脱成長の思想はオルタナティブではなく、様々なオルタナティブが生まれるマトリスであるという。オルタナティブ=代案、マトリス=母胎。そしてこれまで善意の専門家たちから提案されている「オルタナティブな開発」「連帯経済」「フェアトレード」は、経済から抜け出し脱成長へ歩みだすのを回避する役割を果たしているという。

さらに、<持続可能な開発>の諸原理を主張することで、エクアドルのコレア政権やネベズエラのチャベス政権は、自然環境に対するリスクを最小化しながら、そして時にはリスクを無視しながら、自然資源の集中的な搾取と国土の工業化を推奨しているという。騙されるなということだろうか。騙されずに進めて行くべきは、<脱成長>による「贈与・幸福・自律の新たな社会へ」(サブタイトル)なのである。

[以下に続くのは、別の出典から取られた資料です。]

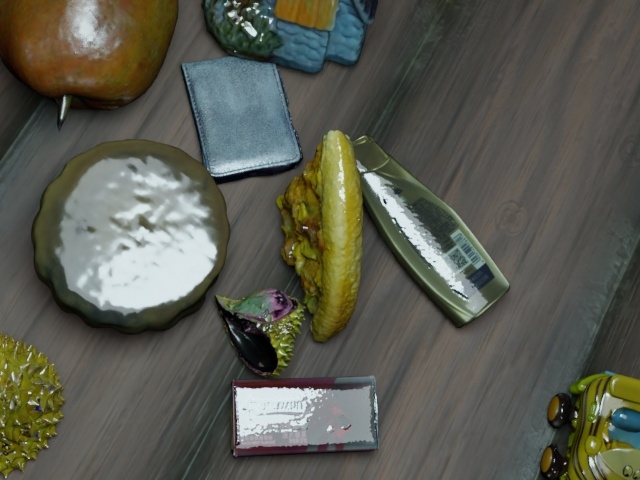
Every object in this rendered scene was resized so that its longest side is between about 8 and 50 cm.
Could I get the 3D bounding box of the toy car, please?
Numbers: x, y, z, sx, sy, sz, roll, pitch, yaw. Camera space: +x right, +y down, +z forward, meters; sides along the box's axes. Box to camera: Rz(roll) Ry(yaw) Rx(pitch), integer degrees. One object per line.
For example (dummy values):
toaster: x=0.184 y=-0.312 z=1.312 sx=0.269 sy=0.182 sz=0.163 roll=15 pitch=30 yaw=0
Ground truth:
toy car: x=0.466 y=0.328 z=1.350 sx=0.200 sy=0.142 sz=0.248 roll=14 pitch=73 yaw=-5

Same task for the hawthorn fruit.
hawthorn fruit: x=-0.360 y=-0.312 z=1.306 sx=0.267 sy=0.268 sz=0.301 roll=10 pitch=76 yaw=-7

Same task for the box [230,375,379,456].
box: x=-0.026 y=0.270 z=1.325 sx=0.224 sy=0.069 sz=0.120 roll=1 pitch=77 yaw=-8

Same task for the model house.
model house: x=-0.014 y=-0.502 z=1.357 sx=0.297 sy=0.339 sz=0.360 roll=18 pitch=69 yaw=-6

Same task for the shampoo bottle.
shampoo bottle: x=0.160 y=-0.025 z=1.416 sx=0.125 sy=0.084 sz=0.350 roll=-38 pitch=85 yaw=-18

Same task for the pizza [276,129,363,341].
pizza: x=0.012 y=0.001 z=1.289 sx=0.087 sy=0.268 sz=0.258 roll=-10 pitch=74 yaw=-21

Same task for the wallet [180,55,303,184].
wallet: x=-0.133 y=-0.208 z=1.438 sx=0.167 sy=0.036 sz=0.222 roll=-13 pitch=77 yaw=-12

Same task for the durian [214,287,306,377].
durian: x=-0.068 y=0.136 z=1.319 sx=0.108 sy=0.186 sz=0.119 roll=-26 pitch=113 yaw=-27

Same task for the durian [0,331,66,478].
durian: x=-0.455 y=0.233 z=1.255 sx=0.132 sy=0.165 sz=0.182 roll=-7 pitch=46 yaw=29

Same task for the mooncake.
mooncake: x=-0.282 y=0.003 z=1.298 sx=0.290 sy=0.161 sz=0.291 roll=2 pitch=77 yaw=-10

とここまで順調に読み進んで来たのだけれど、温暖化による危険性と、ゴアの警告という話が出て来て、それを前提に次の話が進められている。著者は温暖化もゴアも全面肯定している訳である。ここで僕は躓いた。岡田正彦=『放射能と健康被害 20のエビデンス』(日本評論社)=も、池田清彦=『ほんとうの環境白書』(角川学芸出版)=も、温暖化していないと言っているのになぁ、と。

ここから先はちょっとぼーっとしながら読んでいる感じだった。なかなか頭に入ってこなくて、どんどん難しく感じてくる。ひとつひとつ納得の積み重ねで進んでいかないと、僕は楽しく本を読めないのである。という訳で、最後まで目を通してはみたが、これ以上書くことが今は思い当たらない。